Segment Open

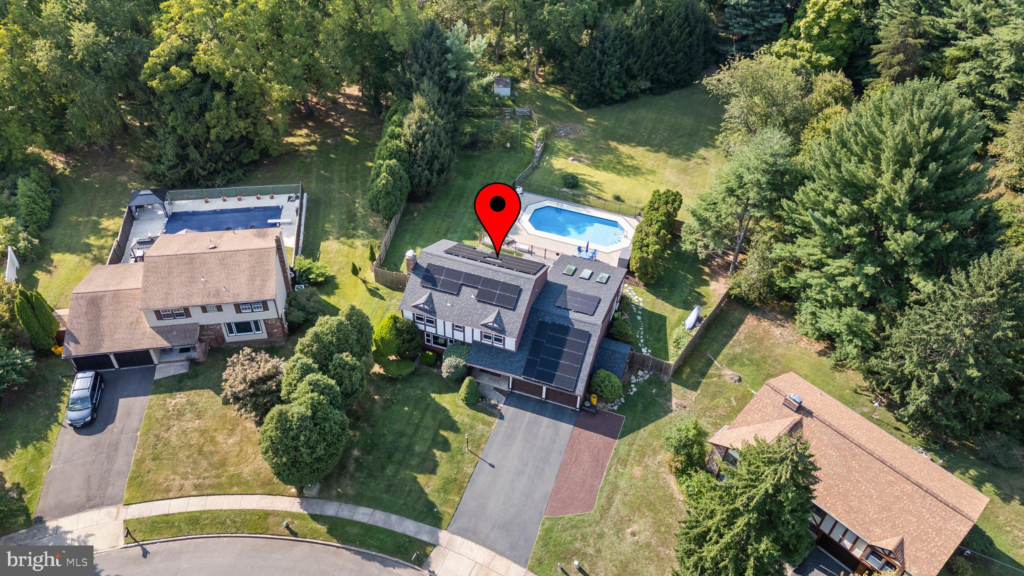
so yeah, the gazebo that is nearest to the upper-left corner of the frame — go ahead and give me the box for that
[126,184,178,222]
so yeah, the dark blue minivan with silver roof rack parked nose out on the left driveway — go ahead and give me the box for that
[64,371,106,431]
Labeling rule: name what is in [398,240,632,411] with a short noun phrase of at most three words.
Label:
house
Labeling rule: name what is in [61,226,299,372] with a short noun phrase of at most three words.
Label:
house
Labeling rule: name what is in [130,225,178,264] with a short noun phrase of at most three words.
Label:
gazebo

Segment Closed

To do:
Starting from the line containing "Labeling rule: name what is in [130,225,178,264]" and ending with the final line of the data, reproduce each line exactly as it appears, including no other lines.

Exercise result:
Labeling rule: name what is in [130,225,178,264] with a short noun phrase of at most three words.
Label:
gazebo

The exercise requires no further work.